GMO ‘Arctic Apple” now in grocery stores


by Catherine Haug, Nov 22, 2017 (Image, right, from OCA and used with permission)

HEADS-UP! I wrote about the pending introduction of the GMO Arctic Apple last year, and now it is in about 400 grocery stores in the Midwest, and will soon spread through the country. This apple is genetically engineered to resist browning when cut/sliced. Initially, this Arctic Apple will be sold cut – in 10-oz bags, but in the future could be sold whole. They will not be labeled as “GMO;” instead, you will need to use a cell phone to read the QR code.

This new variety, developed by Okanagan Specialty Fruits, are engineered to suppress the production of the enzyme polyphony oxides (PPO), that causes the browning of the apple’s flesh when exposed to air. 

While the assumption is that a browned apple is a bad apple, that assumption is not true.

Browning is the apple’s way of protecting itself – and you, the consumer – from bad bacteria and fungi. This browning results from the oxidation of phenolic compounds into antiseptic O-quinones.
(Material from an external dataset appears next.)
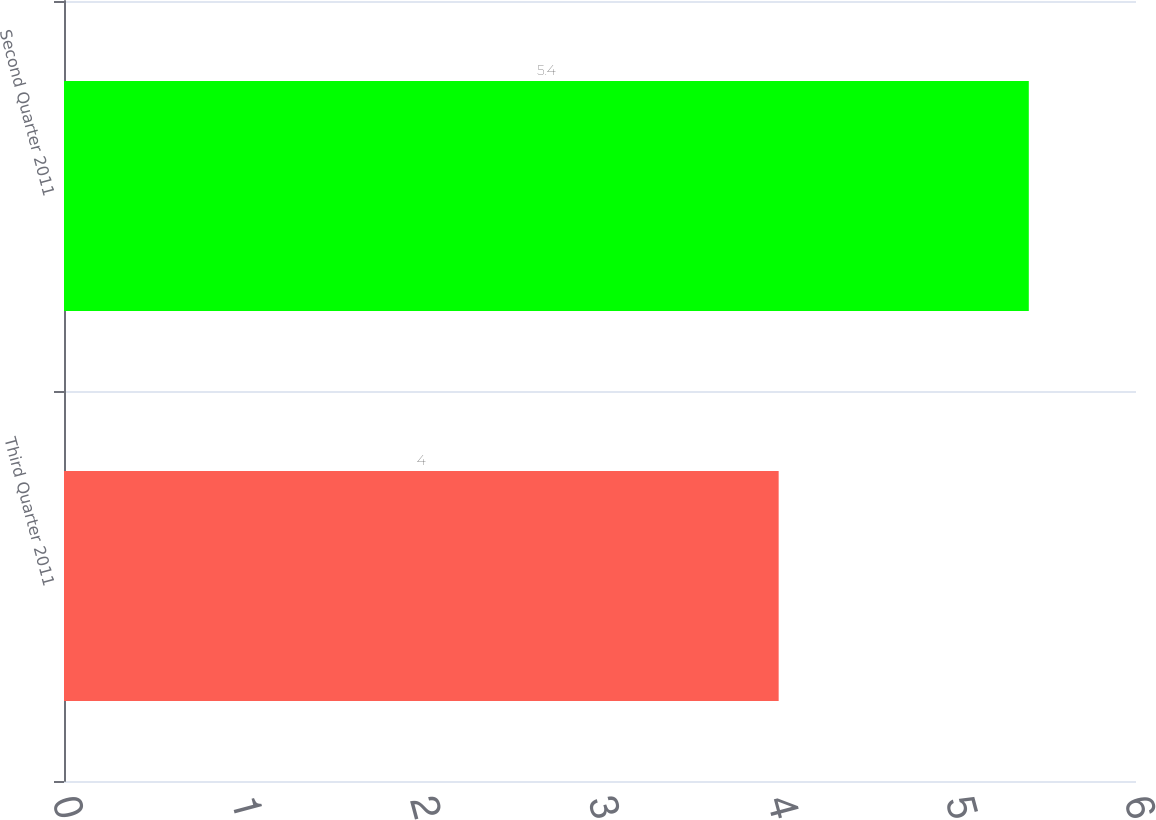Convert chart. <chart><loc_0><loc_0><loc_500><loc_500><bar_chart><fcel>Third Quarter 2011<fcel>Second Quarter 2011<nl><fcel>4<fcel>5.4<nl></chart> 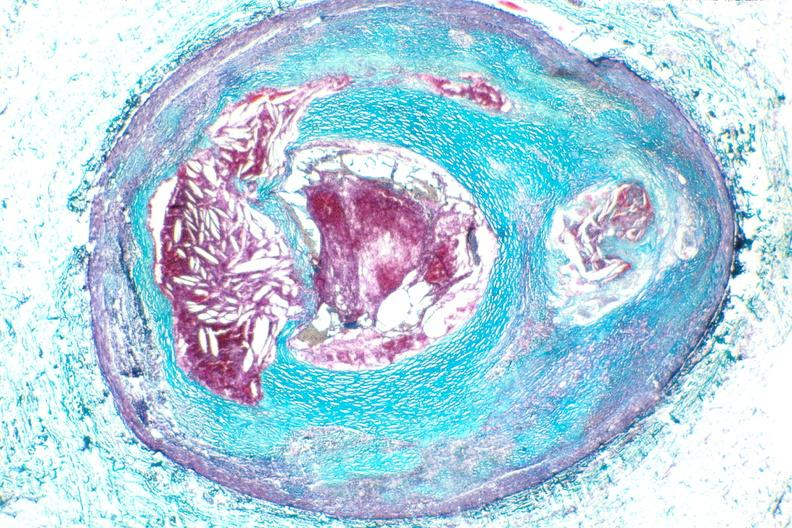what is present?
Answer the question using a single word or phrase. Cardiovascular

Apples are very high in phenolic compounds, which have many benefits for human health – “an apple a day keeps the doctor away.” You won’t get this benefit from the GMO Arctic apple.

Instead, there are better, safer and healthier ways to prevent browning of cut apples (1):

  • Put cut apples in the refrigerator. This will slow down the chemical reactions and oxidation process that leads to browning.
  • Spray exposed areas of cut apples with pineapple juice or lemon juice, which will slow enzymatic browning.
  • Immerse cut apples in pure water, which will keep oxygen from reaching the surface without affecting flavor. You can even add a dissolved vitamin C tablet to the water; the antioxidants will further stave off browning.11
  • Blanch apples in boiling water for four to five minutes (this should only be used for apples you plan on cooking, as it will affect the texture).

This introduction is a bellwether to test whether American consumers will accept or reject them. I vote to reject them;  how about you? Unfortunately, in testing earlier this year (2017), 90 percent of consumers who tried them said they’d buy them if they were available. Unfortunately, they will not be labeled as “GMO;’ instead there will be a QR code on the package, which consumers can scan with a cellphone for more information. (2) So, don’t forget to take your cell phone to the grocery store….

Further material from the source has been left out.